Here, we can apply advanced property of one-sided Z-Transformation. So, the above equation can be re-written as;

$$Z^+[x(n+1)] = Z[X(2)^+-x(0)Z^0] = Z[X(Z)^+-x(0)]$$

Now putting z = 1 in the above equation, we can expand the above equation −

$$\lim_{k \to \infty}{[x(1)-x(0)+x(6)-x(1)+x(3)-x(2)+...\quad...\quad...+x(x+1)-x(k)]}$$

This can be formulated as;

\(X(\infty) = \lim_{n \to \infty}X(n) = \lim_{z \to 1}[X(Z)(1-Z^{-1})]\)(Hence Proved)

Example

Let us find the Initial and Final value of x(n) whose signal is given by

$$X(Z) = 2+3Z^{-1}+4Z^{-2}$$

Solution − Let us first, find the initial value of the signal by applying the theorem

\(x(0) = \lim_{z \to \infty}X(Z)\)

\(= \lim_{z \to \infty}[2+3Z^{-1}+4Z^{-2}]\)

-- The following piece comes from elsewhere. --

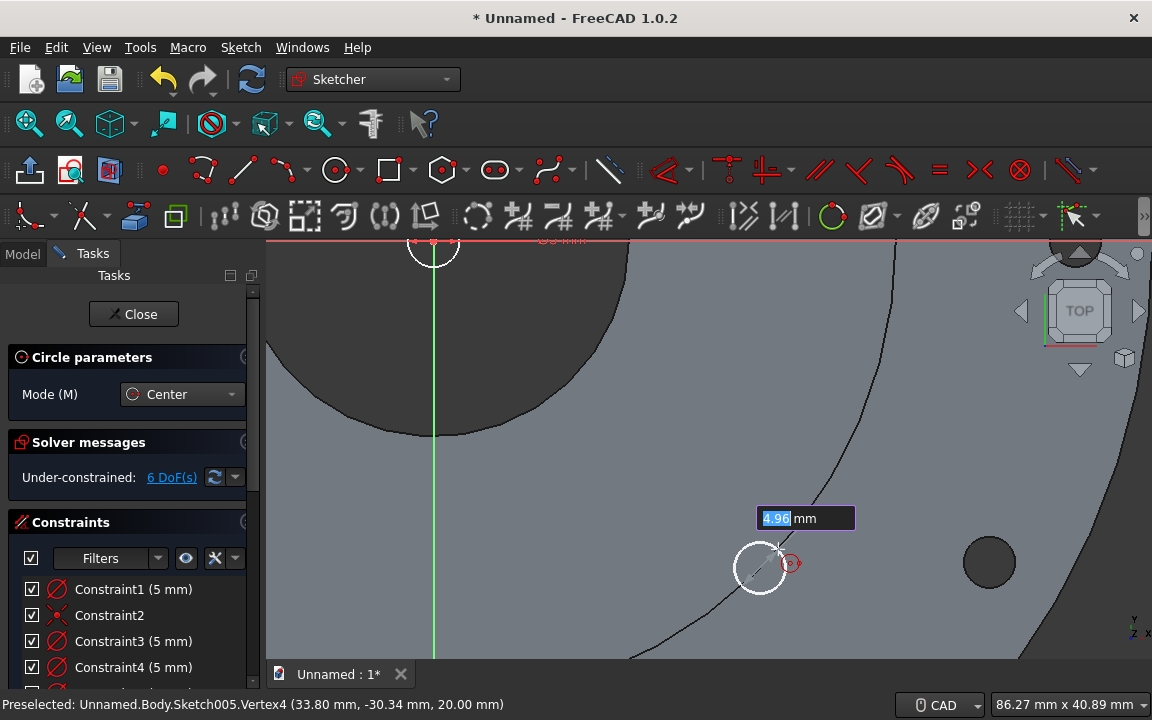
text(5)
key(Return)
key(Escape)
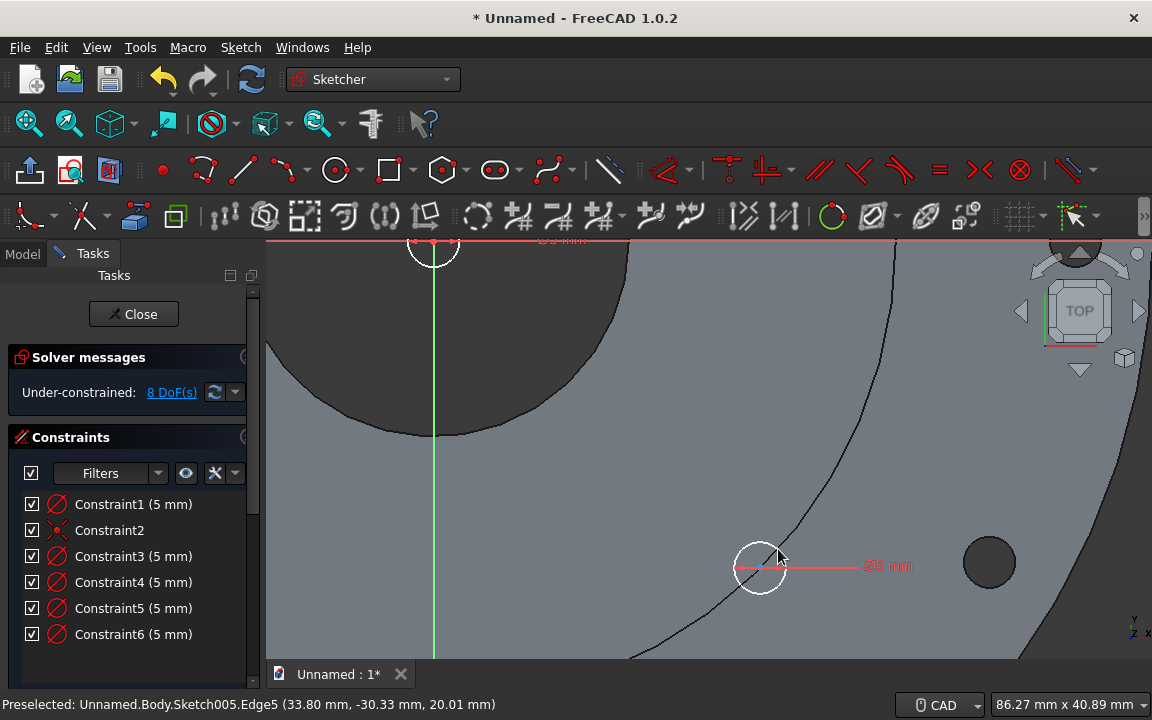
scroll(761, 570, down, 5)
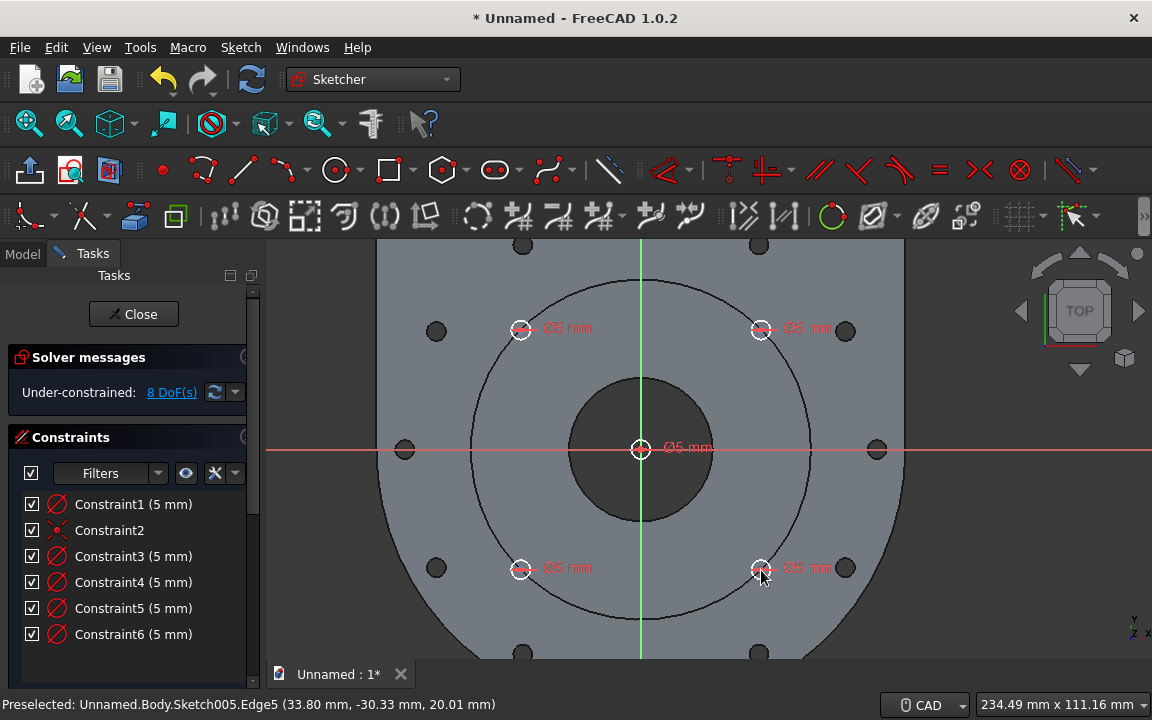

\(= 2+(\frac{3}{\infty})+(\frac{4}{\infty}) = 2\)

Now let us find the Final value of signal applying the theorem

\(x(\infty) = \lim_{z \to \infty}[(1-Z^{-1})X(Z)]\)

\(= \lim_{z \to \infty}[(1-Z^{-1})(2+3Z^{-1}+4Z^{-2})]\)

\(= \lim_{z \to \infty}[2+Z^{-1}+Z^{-2}-4Z^{-3}]\)

\(= 2+1+1-4 = 0\)

Some other properties of Z-transform are listed below

Differentiation in Frequency

It gives the change in Z-domain of the signal, when its discrete signal is differentiated with respect to time.

$$nx(n)\longleftrightarrow -Z\frac{dX(z)}{dz}$$

Its ROC can be written as;

$$r_2< Mod(Z)< r_1$$

Example

Let us find the value of x(n) through Differentiation in frequency, whose discrete signal in Z-domain is given by $$x(n)\longleftrightarrow X(Z) = log(1+aZ^{-1})$$

By property, we can write that

\(nx(n)\longleftrightarrow -Z\frac{dx(Z)}{dz}\)

\(= -Z[\frac{-aZ^{-2}}{1+aZ^{-1}}]\)

\(= (aZ^{-1})/(1+aZ^{-1})\)

\(= 1-1/(1+aZ^{-1})\)

\(nx(n) = \delta(n)-(-a)^nu(n)\)

\(\Rightarrow x(n) = 1/n[\delta(n)-(-a)^nu(n)]\)

Multiplication in Time

It gives the change in Z-domain of the signal when multiplication takes place at discrete signal level.

$$x_1(n).x_2(n)\longleftrightarrow(\frac{1}{2\Pi j})[X_1(Z)*X_2(Z)]$$


Home work

  1. Determine the Z-transform of the following sequences and find ROC
    i. \(x(n) = (n + 2) (1/2)^n u(n)\)
    ii. \(x(n) = (2/3)^n u(n) + (3/4) u(n - 1)\)
  2. The z-transform of a signal is given by \(X(z) = \frac{1z^{-1} (1 - z^{-4})}{4(1 - z^{-1})^2}\) . Find the final value.